◆ **Material supplied**

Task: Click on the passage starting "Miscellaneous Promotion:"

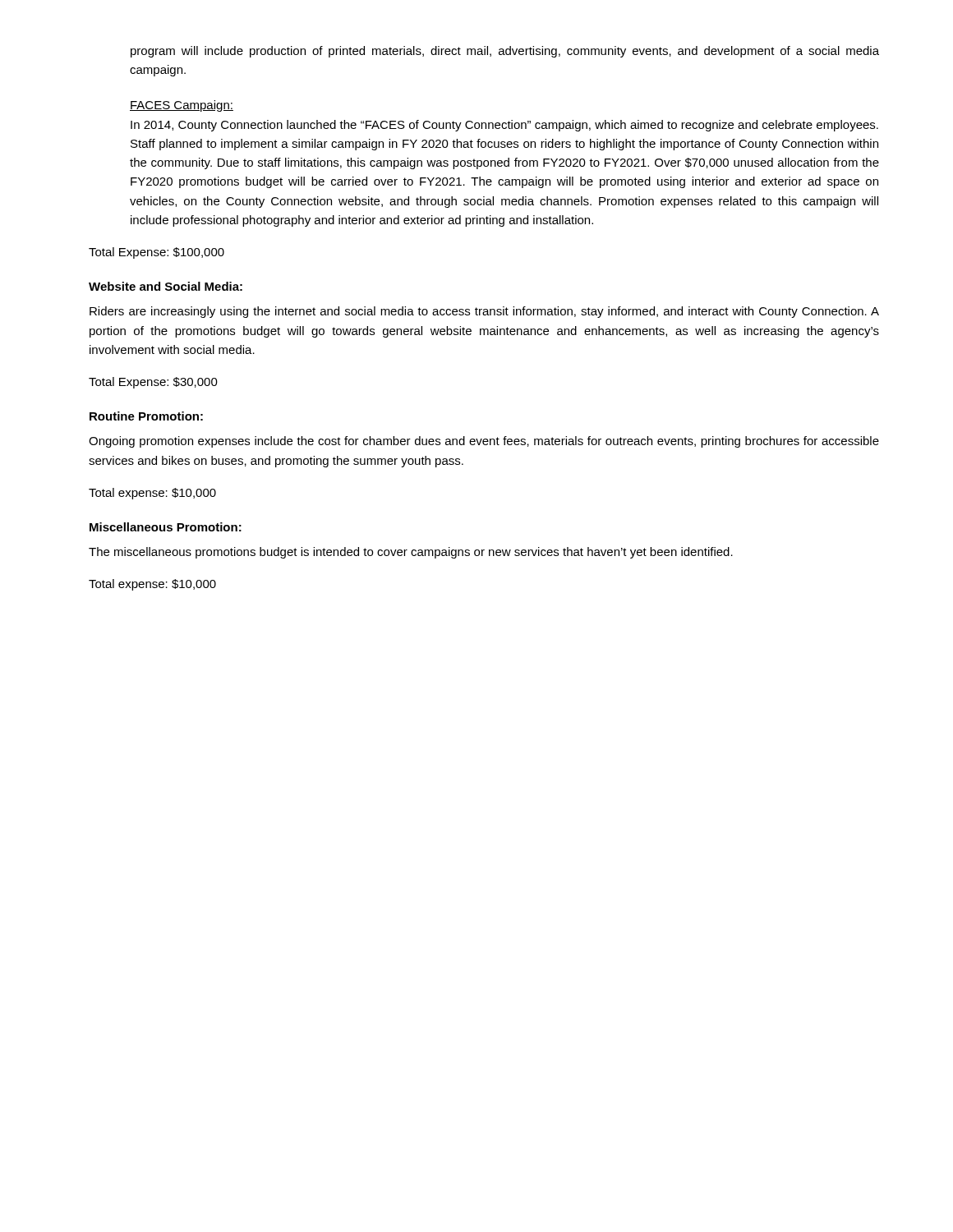Action: click(x=166, y=527)
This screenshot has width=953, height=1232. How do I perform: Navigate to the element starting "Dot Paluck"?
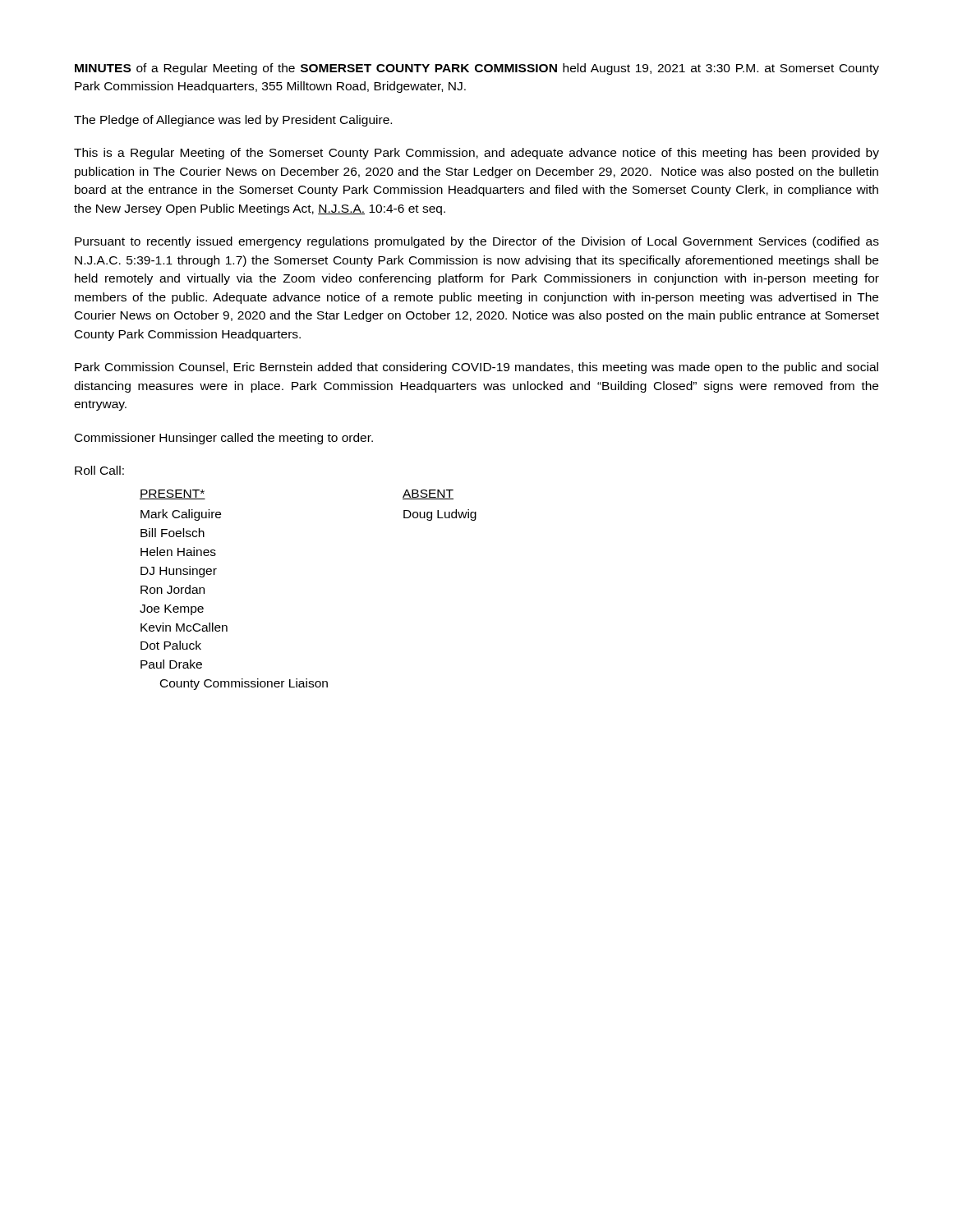(x=170, y=646)
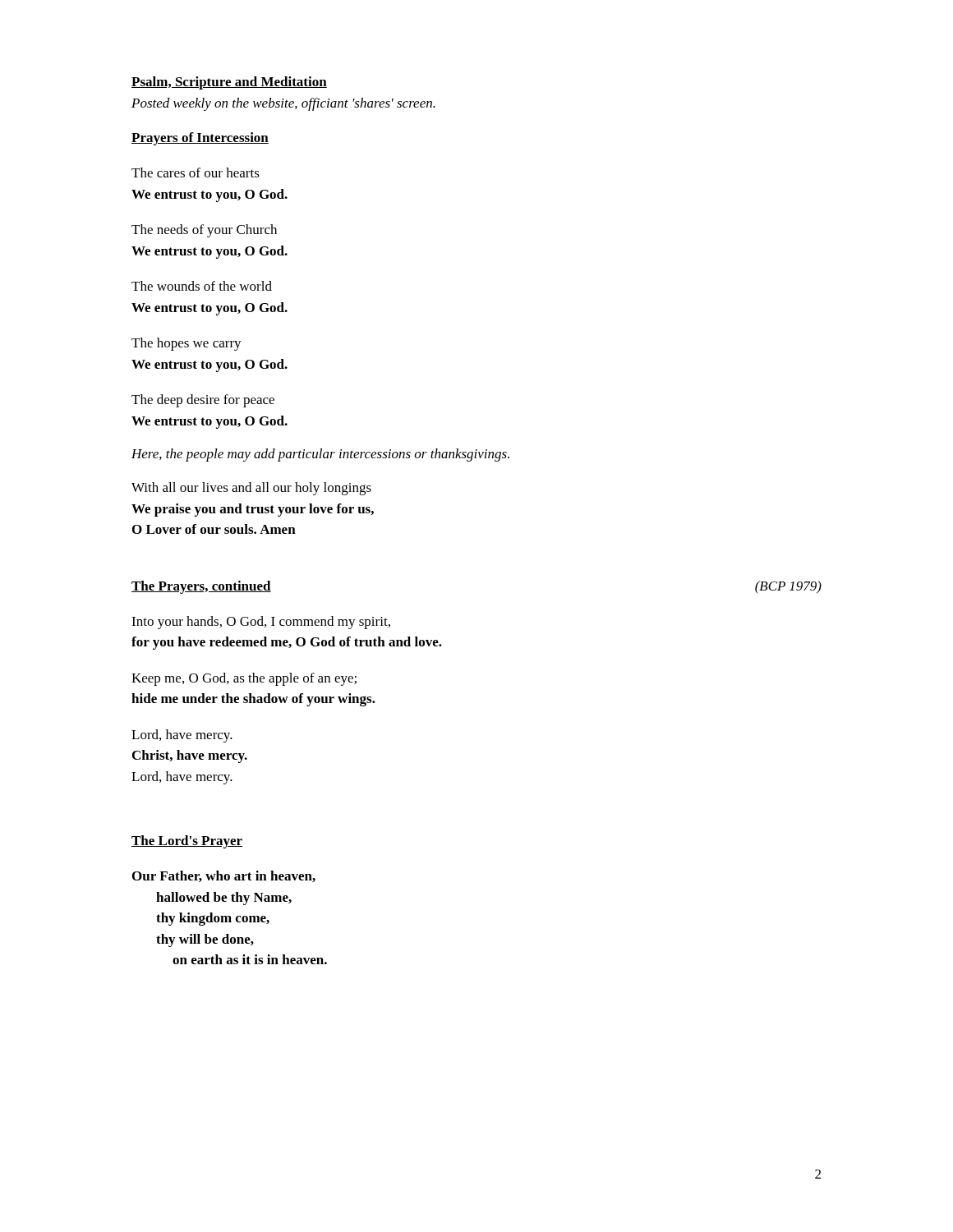Select the text block that reads "The needs of your"
The image size is (953, 1232).
coord(204,231)
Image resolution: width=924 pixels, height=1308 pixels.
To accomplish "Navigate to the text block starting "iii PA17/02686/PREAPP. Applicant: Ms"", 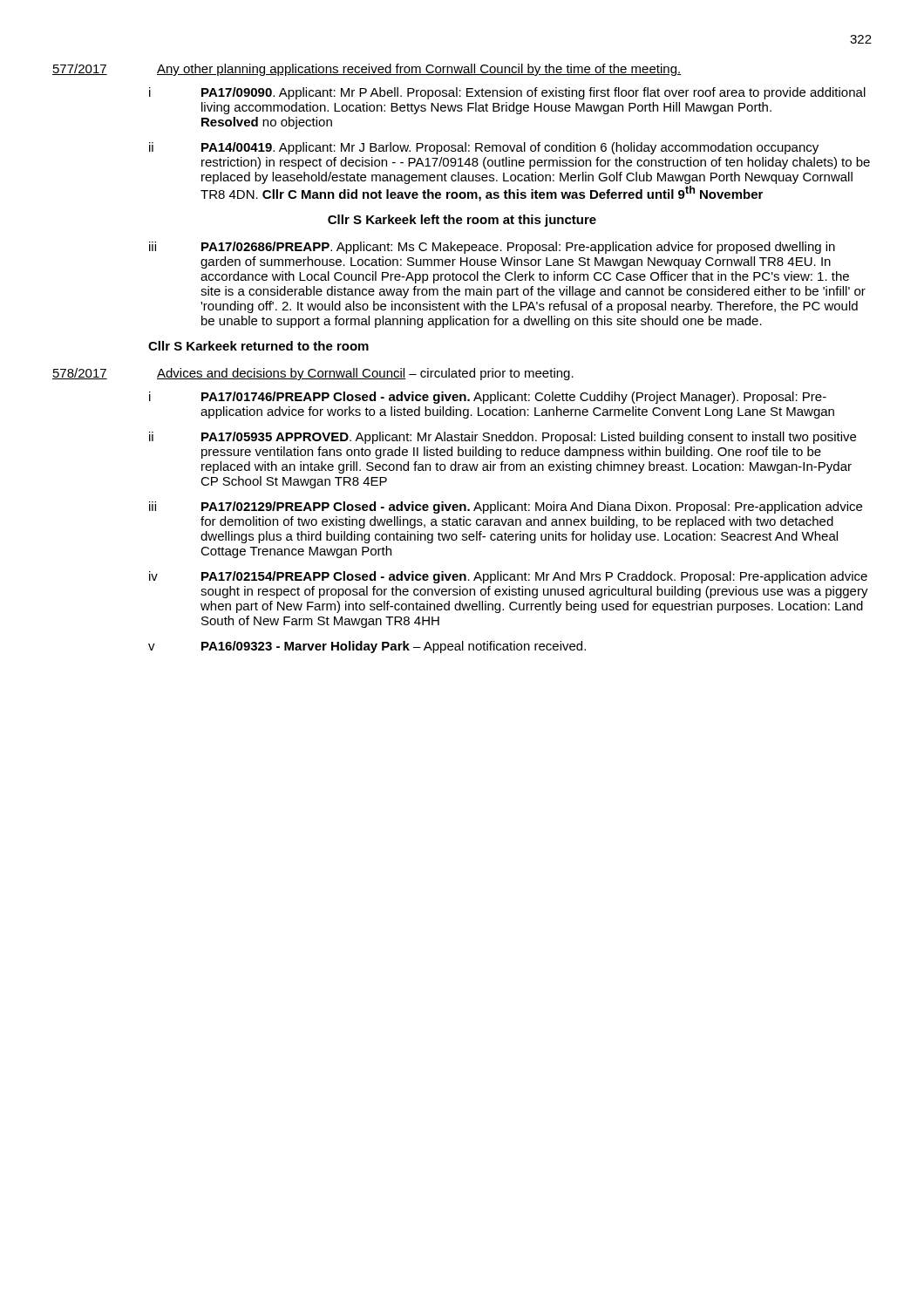I will pyautogui.click(x=510, y=283).
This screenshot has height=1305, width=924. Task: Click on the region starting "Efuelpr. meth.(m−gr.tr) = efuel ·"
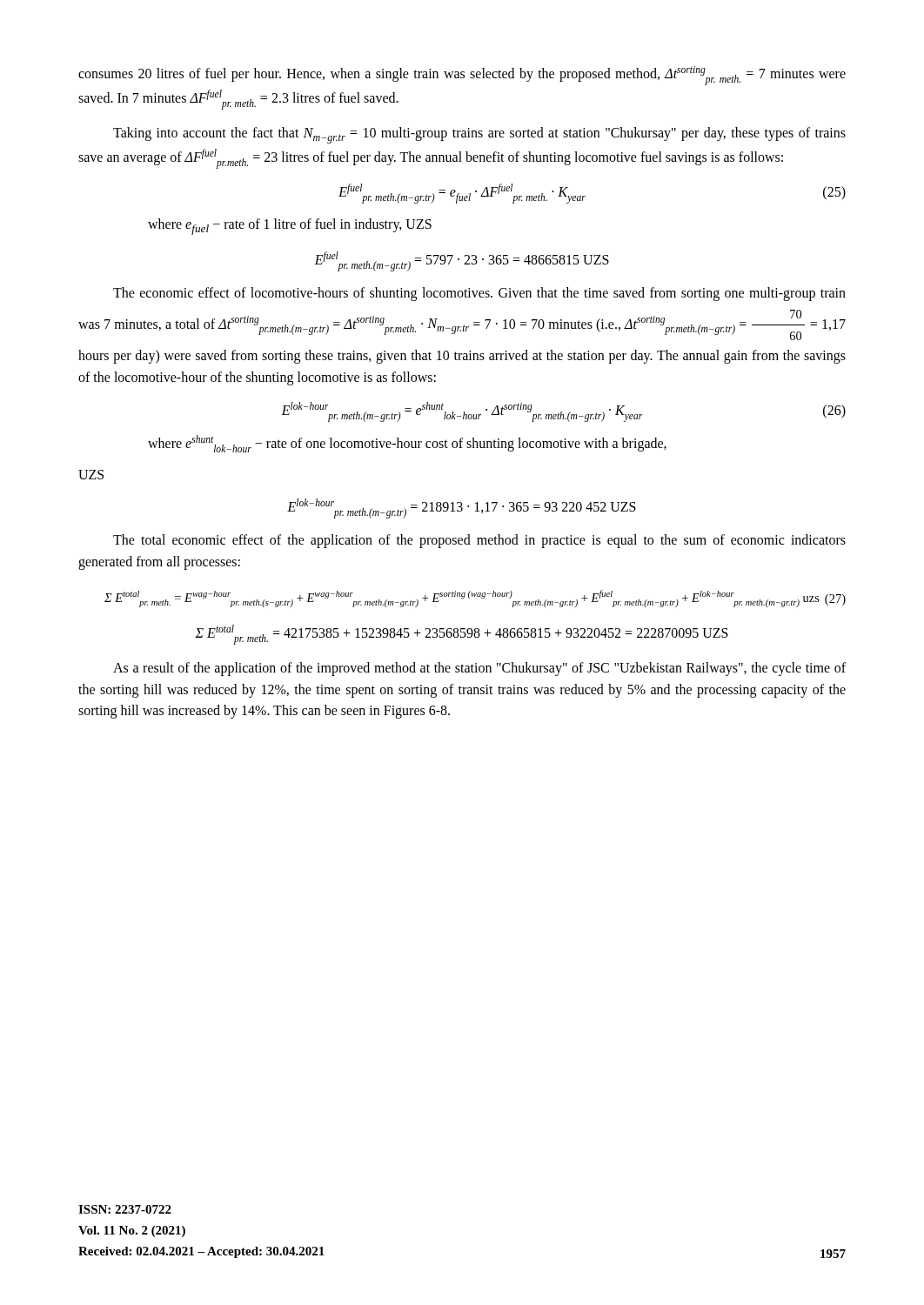point(592,192)
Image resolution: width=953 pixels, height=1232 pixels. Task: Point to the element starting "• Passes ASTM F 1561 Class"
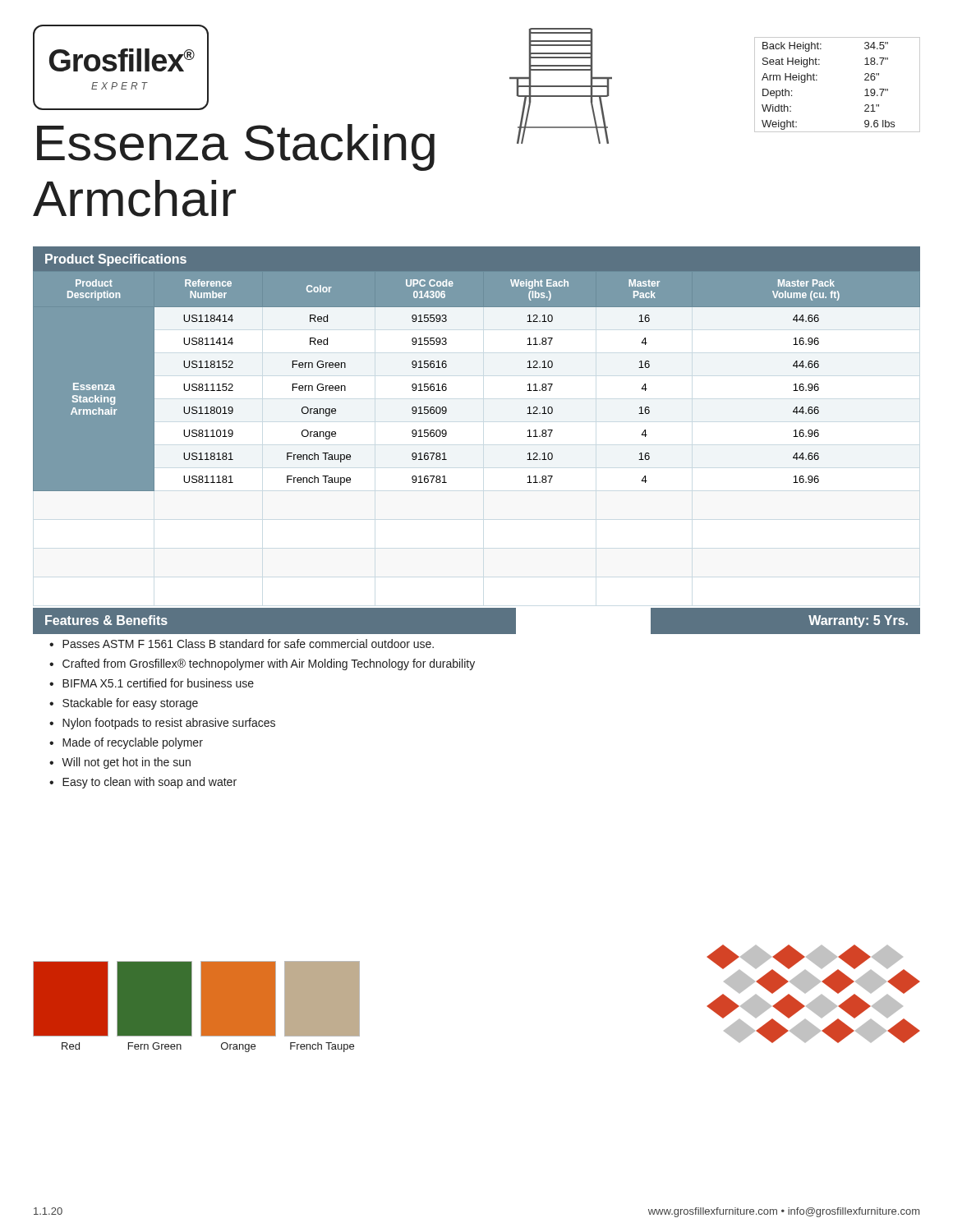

◆ **What you should do**
Within the data above, pick out all lines holding the word "pixels".

◆ **Written reply**
Image resolution: width=924 pixels, height=1308 pixels.
Image resolution: width=953 pixels, height=1232 pixels. Task: Point to the element starting "• Passes ASTM F 1561 Class"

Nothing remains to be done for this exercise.